Such indeed was the fact. Mammy Maria had gone. All that any of them knew was that only an hour before another black mammy had come to serve them, and all she would say was that she had come to take Mammy Maria's place—gone, and she knew not where.

Conway winced again and then swore under his breath. At first he had not believed it, none of them had. But as the morning went on and Mammy Maria failed to appear, he accepted it, saying: “Jus' like a niggah—who ever heard of any of them havin' any gratitude!”

Helen was too deeply numbed by the thought of the mill to appreciate fully her new sorrow. All she knew—all she seemed to feel—was, that go to the mill she must—go—go—and Lily might cry and the world might go utterly to ruin—as her own life was going:

“I want my mammy—I want my mammy,” sobbed the little one.

Then the mother instinct of Helen—that latent motherhood which is in every one of her sex, however young—however old—asserted itself for the first time.

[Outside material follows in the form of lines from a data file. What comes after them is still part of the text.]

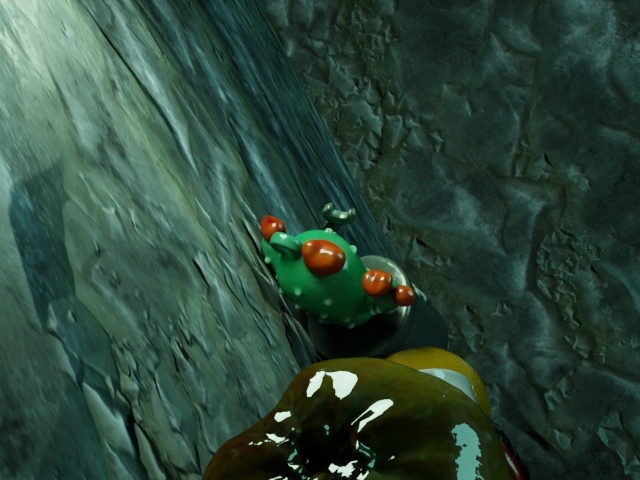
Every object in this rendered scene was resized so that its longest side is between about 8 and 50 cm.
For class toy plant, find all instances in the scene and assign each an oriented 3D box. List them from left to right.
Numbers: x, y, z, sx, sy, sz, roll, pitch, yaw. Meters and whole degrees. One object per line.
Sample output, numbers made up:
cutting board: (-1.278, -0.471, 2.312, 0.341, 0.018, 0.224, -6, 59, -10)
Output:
toy plant: (0.043, 0.091, 1.584, 0.400, 0.185, 0.279, 39, 9, -48)

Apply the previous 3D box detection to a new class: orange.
orange: (0.154, 0.249, 1.507, 0.206, 0.206, 0.206, 58, 10, -16)

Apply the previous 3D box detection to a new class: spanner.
spanner: (0.000, 0.000, 1.646, 0.254, 0.054, 0.015, 126, -20, -62)

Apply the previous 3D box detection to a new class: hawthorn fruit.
hawthorn fruit: (0.042, 0.262, 0.860, 0.268, 0.267, 0.301, -106, 173, -55)

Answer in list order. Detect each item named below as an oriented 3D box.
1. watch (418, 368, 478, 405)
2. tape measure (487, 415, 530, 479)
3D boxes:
watch: (0.122, 0.286, 1.300, 0.248, 0.217, 0.211, 49, 15, -49)
tape measure: (0.101, 0.286, 1.124, 0.114, 0.260, 0.253, -41, 108, -83)
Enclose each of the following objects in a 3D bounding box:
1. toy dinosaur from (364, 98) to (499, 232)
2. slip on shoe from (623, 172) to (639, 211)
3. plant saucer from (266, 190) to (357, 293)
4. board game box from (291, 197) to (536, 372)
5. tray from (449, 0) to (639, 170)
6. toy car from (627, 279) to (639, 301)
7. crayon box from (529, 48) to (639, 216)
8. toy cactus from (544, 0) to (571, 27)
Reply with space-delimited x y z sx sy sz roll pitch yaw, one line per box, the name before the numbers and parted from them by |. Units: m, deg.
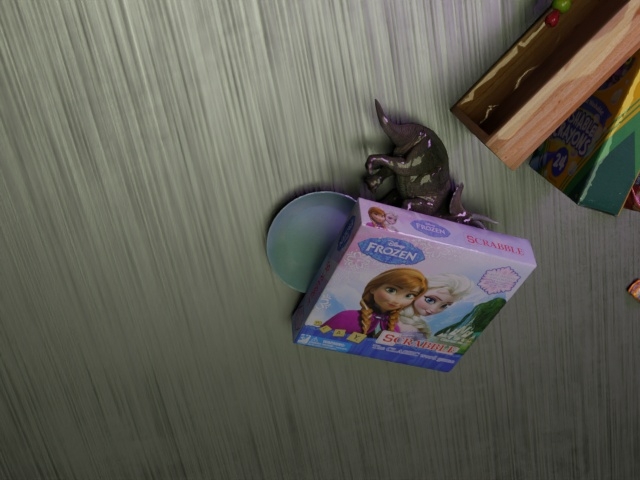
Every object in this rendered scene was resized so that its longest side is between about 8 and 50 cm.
toy dinosaur | 0.161 -0.115 1.379 0.160 0.121 0.313 -30 110 -9
slip on shoe | 0.577 -0.201 1.401 0.123 0.101 0.331 -1 112 -7
plant saucer | 0.000 0.000 1.426 0.195 0.037 0.195 -4 113 -9
board game box | 0.151 0.091 1.406 0.318 0.066 0.318 12 133 -17
tray | 0.397 -0.304 1.265 0.076 0.203 0.411 39 103 -21
toy car | 0.660 0.087 1.570 0.122 0.040 0.060 -32 114 5
crayon box | 0.470 -0.227 1.316 0.083 0.203 0.323 15 109 -15
toy cactus | 0.340 -0.456 1.260 0.180 0.112 0.219 -42 96 -15
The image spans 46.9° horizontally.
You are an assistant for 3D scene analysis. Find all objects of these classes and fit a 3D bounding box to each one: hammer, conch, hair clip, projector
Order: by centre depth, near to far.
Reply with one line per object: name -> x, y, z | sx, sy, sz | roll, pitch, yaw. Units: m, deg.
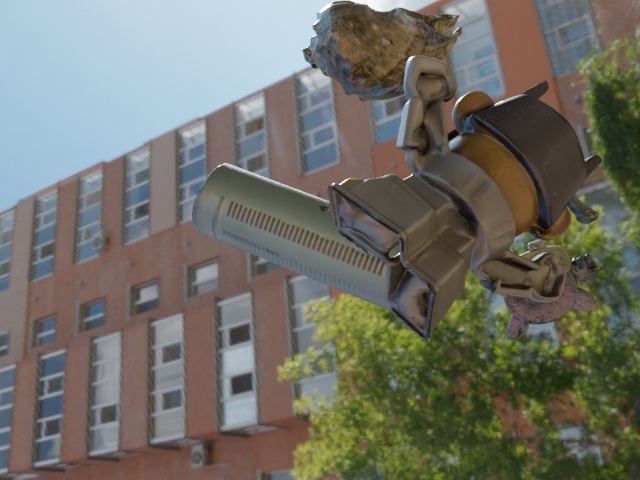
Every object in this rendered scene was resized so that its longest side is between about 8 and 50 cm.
projector -> 0.000, 0.000, 0.962 | 0.108, 0.338, 0.108 | -55, -22, -36
hair clip -> 0.387, 0.071, 1.265 | 0.056, 0.187, 0.146 | 33, -145, -80
conch -> 0.102, -0.322, 1.303 | 0.210, 0.292, 0.158 | 37, -113, -56
hammer -> 0.434, -0.135, 1.476 | 0.287, 0.111, 0.033 | 49, 168, 24

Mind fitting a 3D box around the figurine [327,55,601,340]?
figurine -> 0.169, -0.049, 0.778 | 0.309, 0.143, 0.308 | -9, -70, -27
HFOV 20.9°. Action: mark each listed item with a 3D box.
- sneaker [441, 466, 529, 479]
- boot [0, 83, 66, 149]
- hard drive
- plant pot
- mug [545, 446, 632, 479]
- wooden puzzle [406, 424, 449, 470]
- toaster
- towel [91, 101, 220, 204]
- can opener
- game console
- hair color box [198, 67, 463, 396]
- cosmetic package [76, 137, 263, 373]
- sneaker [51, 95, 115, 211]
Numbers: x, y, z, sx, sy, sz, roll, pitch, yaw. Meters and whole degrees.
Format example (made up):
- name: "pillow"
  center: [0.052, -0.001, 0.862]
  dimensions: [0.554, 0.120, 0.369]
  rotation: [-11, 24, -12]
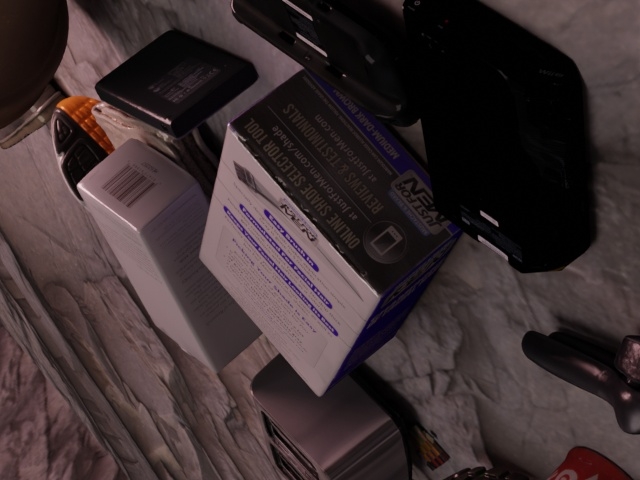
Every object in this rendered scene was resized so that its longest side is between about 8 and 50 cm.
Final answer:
- name: "sneaker"
  center: [0.221, 0.347, 1.611]
  dimensions: [0.343, 0.134, 0.146]
  rotation: [40, 160, 28]
- name: "boot"
  center: [-0.400, -0.217, 2.057]
  dimensions: [0.208, 0.076, 0.189]
  rotation: [47, 149, -12]
- name: "hard drive"
  center: [-0.130, -0.141, 1.541]
  dimensions: [0.135, 0.094, 0.022]
  rotation: [29, 152, 48]
- name: "plant pot"
  center: [-0.334, -0.259, 1.618]
  dimensions: [0.263, 0.263, 0.229]
  rotation: [50, 143, 0]
- name: "mug"
  center: [0.199, 0.268, 1.451]
  dimensions: [0.113, 0.169, 0.150]
  rotation: [51, 162, 0]
- name: "wooden puzzle"
  center: [0.111, 0.215, 1.812]
  dimensions: [0.049, 0.006, 0.083]
  rotation: [48, 162, 6]
- name: "toaster"
  center: [0.017, 0.212, 1.848]
  dimensions: [0.185, 0.110, 0.168]
  rotation: [44, 162, 28]
- name: "towel"
  center: [-0.124, -0.034, 1.815]
  dimensions: [0.187, 0.049, 0.282]
  rotation: [23, 149, 56]
- name: "can opener"
  center: [0.218, 0.100, 1.284]
  dimensions: [0.059, 0.073, 0.186]
  rotation: [15, -177, -29]
- name: "game console"
  center: [0.049, -0.126, 1.241]
  dimensions: [0.361, 0.044, 0.213]
  rotation: [38, 156, 32]
- name: "hair color box"
  center: [0.000, 0.000, 1.496]
  dimensions: [0.185, 0.110, 0.339]
  rotation: [49, 164, 8]
- name: "cosmetic package"
  center: [-0.147, 0.018, 1.760]
  dimensions: [0.117, 0.085, 0.231]
  rotation: [35, 160, 39]
- name: "sneaker"
  center: [-0.226, -0.048, 1.954]
  dimensions: [0.262, 0.099, 0.121]
  rotation: [57, 165, -17]
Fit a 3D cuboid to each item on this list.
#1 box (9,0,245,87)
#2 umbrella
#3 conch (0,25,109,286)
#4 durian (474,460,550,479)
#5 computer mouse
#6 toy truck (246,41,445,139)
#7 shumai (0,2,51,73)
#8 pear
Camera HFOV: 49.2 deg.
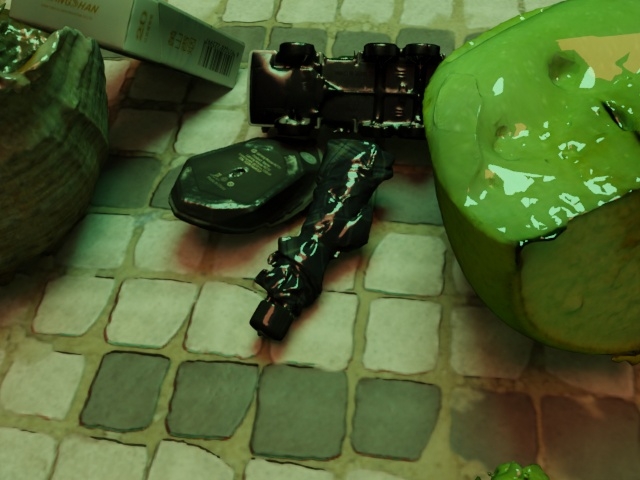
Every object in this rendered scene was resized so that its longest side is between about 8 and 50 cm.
[{"bbox_3d":[-0.206,-0.238,0.793,0.149,0.233,0.067,17,98,19],"label":"box"},{"bbox_3d":[0.002,0.001,0.692,0.080,0.071,0.224,13,62,32],"label":"umbrella"},{"bbox_3d":[-0.319,-0.067,0.682,0.352,0.210,0.297,-9,24,38],"label":"conch"},{"bbox_3d":[0.091,0.273,0.379,0.256,0.340,0.204,-43,80,3],"label":"durian"},{"bbox_3d":[-0.073,-0.055,0.740,0.192,0.062,0.106,-28,51,-35],"label":"computer mouse"},{"bbox_3d":[0.045,-0.164,0.778,0.242,0.101,0.125,4,11,7],"label":"toy truck"},{"bbox_3d":[-0.408,-0.234,0.832,0.206,0.175,0.166,-38,59,-24],"label":"shumai"},{"bbox_3d":[0.243,-0.080,0.639,0.342,0.238,0.318,-24,43,-5],"label":"pear"}]
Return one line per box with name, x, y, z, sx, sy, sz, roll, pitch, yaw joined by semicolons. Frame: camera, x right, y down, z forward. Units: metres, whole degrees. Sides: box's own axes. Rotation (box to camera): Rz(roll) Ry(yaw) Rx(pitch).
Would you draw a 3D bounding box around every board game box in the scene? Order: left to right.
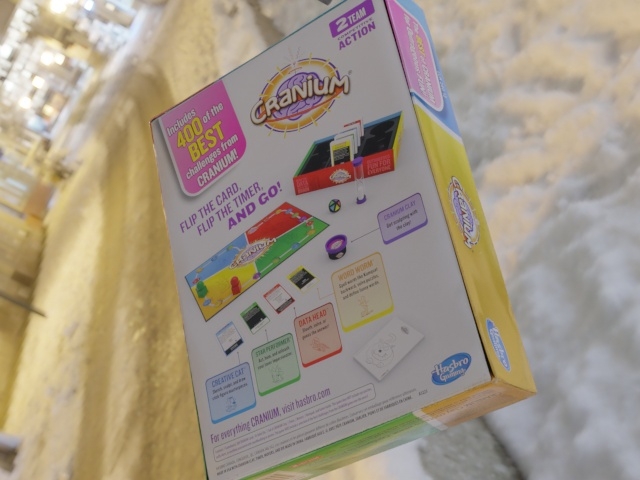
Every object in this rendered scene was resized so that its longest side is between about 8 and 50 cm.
board game box;0.000;0.000;0.787;0.242;0.064;0.317;-26;63;28

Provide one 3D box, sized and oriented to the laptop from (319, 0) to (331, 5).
laptop;-0.009;-0.394;1.107;0.234;0.264;0.136;-57;29;11
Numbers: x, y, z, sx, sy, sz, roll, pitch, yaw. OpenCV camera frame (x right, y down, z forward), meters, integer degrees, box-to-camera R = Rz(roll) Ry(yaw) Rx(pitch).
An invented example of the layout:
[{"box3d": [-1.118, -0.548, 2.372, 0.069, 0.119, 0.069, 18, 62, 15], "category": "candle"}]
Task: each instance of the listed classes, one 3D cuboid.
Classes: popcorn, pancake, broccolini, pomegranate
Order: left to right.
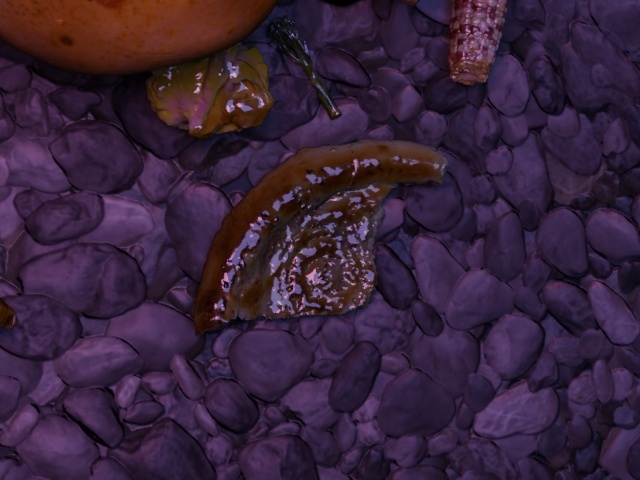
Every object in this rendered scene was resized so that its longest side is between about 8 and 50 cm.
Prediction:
[{"box3d": [-0.210, -0.369, 1.425, 0.416, 0.416, 0.417, 2, 85, -17], "category": "pomegranate"}, {"box3d": [-0.127, -0.177, 1.595, 0.145, 0.126, 0.126, 29, 103, -29], "category": "popcorn"}, {"box3d": [-0.020, -0.202, 1.677, 0.035, 0.030, 0.140, -30, 99, -9], "category": "broccolini"}, {"box3d": [0.001, -0.001, 1.651, 0.376, 0.054, 0.197, -41, 99, -15], "category": "pancake"}]

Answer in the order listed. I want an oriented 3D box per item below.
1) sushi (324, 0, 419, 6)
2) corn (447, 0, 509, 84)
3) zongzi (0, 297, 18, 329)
[{"box3d": [0.054, -0.394, 1.614, 0.238, 0.219, 0.225, 18, 84, -15], "category": "sushi"}, {"box3d": [0.199, -0.308, 1.726, 0.079, 0.079, 0.237, 10, 84, -17], "category": "corn"}, {"box3d": [-0.443, -0.044, 1.468, 0.288, 0.134, 0.286, 8, 88, -17], "category": "zongzi"}]
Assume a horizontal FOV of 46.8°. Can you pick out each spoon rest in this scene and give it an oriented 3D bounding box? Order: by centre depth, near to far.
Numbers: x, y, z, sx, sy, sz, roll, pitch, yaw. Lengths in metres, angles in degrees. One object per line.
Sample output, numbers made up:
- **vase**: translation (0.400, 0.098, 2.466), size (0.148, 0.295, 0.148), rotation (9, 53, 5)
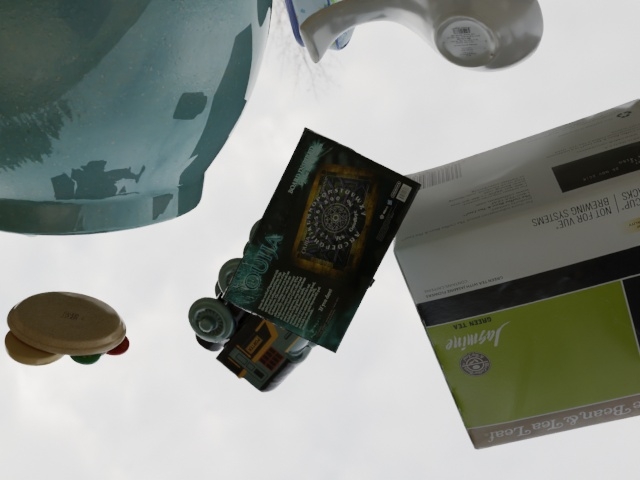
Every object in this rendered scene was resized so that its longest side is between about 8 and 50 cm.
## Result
- **spoon rest**: translation (0.114, -0.250, 0.841), size (0.277, 0.137, 0.084), rotation (7, -126, 28)

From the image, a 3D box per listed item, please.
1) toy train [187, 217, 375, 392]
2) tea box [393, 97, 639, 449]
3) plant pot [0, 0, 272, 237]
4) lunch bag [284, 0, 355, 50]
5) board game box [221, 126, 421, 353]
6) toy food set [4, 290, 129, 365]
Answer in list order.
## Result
- **toy train**: translation (-0.059, 0.081, 1.130), size (0.190, 0.142, 0.334), rotation (40, -63, -1)
- **tea box**: translation (0.298, 0.048, 0.929), size (0.329, 0.323, 0.220), rotation (-16, -156, 15)
- **plant pot**: translation (-0.174, -0.118, 0.522), size (0.293, 0.293, 0.196), rotation (8, -71, 23)
- **lunch bag**: translation (0.017, -0.413, 1.110), size (0.090, 0.176, 0.218), rotation (12, -118, 18)
- **board game box**: translation (0.000, 0.000, 0.720), size (0.126, 0.026, 0.186), rotation (27, -85, -2)
- **toy food set**: translation (-0.176, 0.061, 0.518), size (0.083, 0.083, 0.020), rotation (-128, -130, -59)
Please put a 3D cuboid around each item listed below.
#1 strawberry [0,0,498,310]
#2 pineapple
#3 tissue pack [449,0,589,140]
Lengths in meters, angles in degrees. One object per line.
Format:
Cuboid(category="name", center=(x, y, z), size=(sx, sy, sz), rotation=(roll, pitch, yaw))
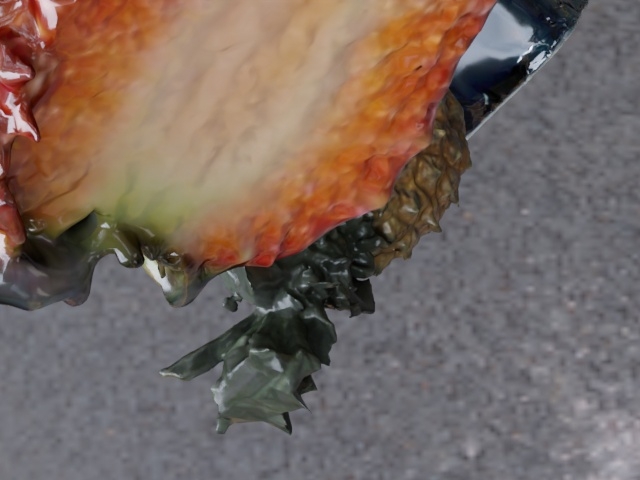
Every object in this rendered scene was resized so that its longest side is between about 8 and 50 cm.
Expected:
Cuboid(category="strawberry", center=(-0.026, -0.116, 0.720), size=(0.306, 0.233, 0.137), rotation=(-54, 56, 25))
Cuboid(category="pineapple", center=(0.001, 0.001, 1.081), size=(0.128, 0.128, 0.248), rotation=(-32, 22, 46))
Cuboid(category="tissue pack", center=(0.061, -0.314, 1.995), size=(0.416, 0.253, 0.264), rotation=(41, 125, -5))
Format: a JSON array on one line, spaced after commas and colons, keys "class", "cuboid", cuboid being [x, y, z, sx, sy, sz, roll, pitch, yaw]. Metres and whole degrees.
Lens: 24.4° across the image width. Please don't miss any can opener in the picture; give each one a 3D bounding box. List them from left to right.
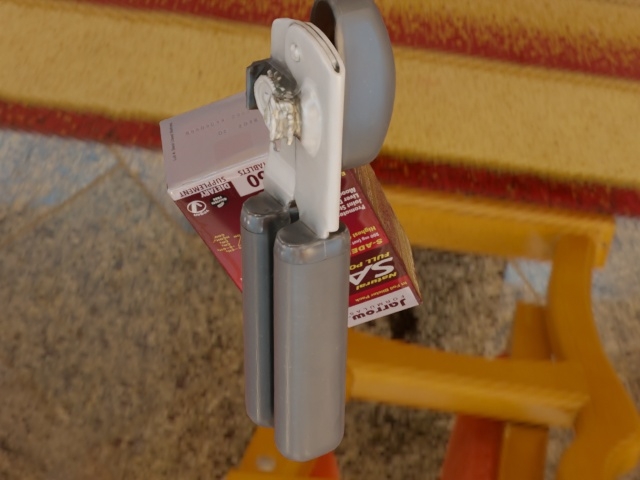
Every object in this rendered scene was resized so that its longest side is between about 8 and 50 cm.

She soothed the younger child: “Never mind, Lily, I am going to the mill only to learn my lesson this week—next week you shall go with me. We will not be separated after that.”

“I want my mammy—oh, I want my mammy,” was all Lily could say.

Breakfast was soon over and then the hour came—the hour when Helen Conway would begin her new life. This thought—and this only—burned into her soul: To-day her disgrace began. She was no longer a Conway. The very barriers of her birth, that which had been thrown around her to distinguish her from the common people, had been broken down. The foundation of her faith was shattered with it.

For the last time, as a Conway, she looked at the fields of Millwood—at the grim peak of Sunset Rock above—the shadowed wood below. Until then she did not know it made such a difference in the way she looked at things. But now she saw it and with it the ruin, the abandonment of every hope, every ambition of her life. As she stood upon the old porch before starting for the mill, she felt that she was without a creed and without a principle.

“I would do anything,” she cried bitterly—“I care for nothing. If I am tempted I shall steal, I know I shall—I know I shall”—she repeated.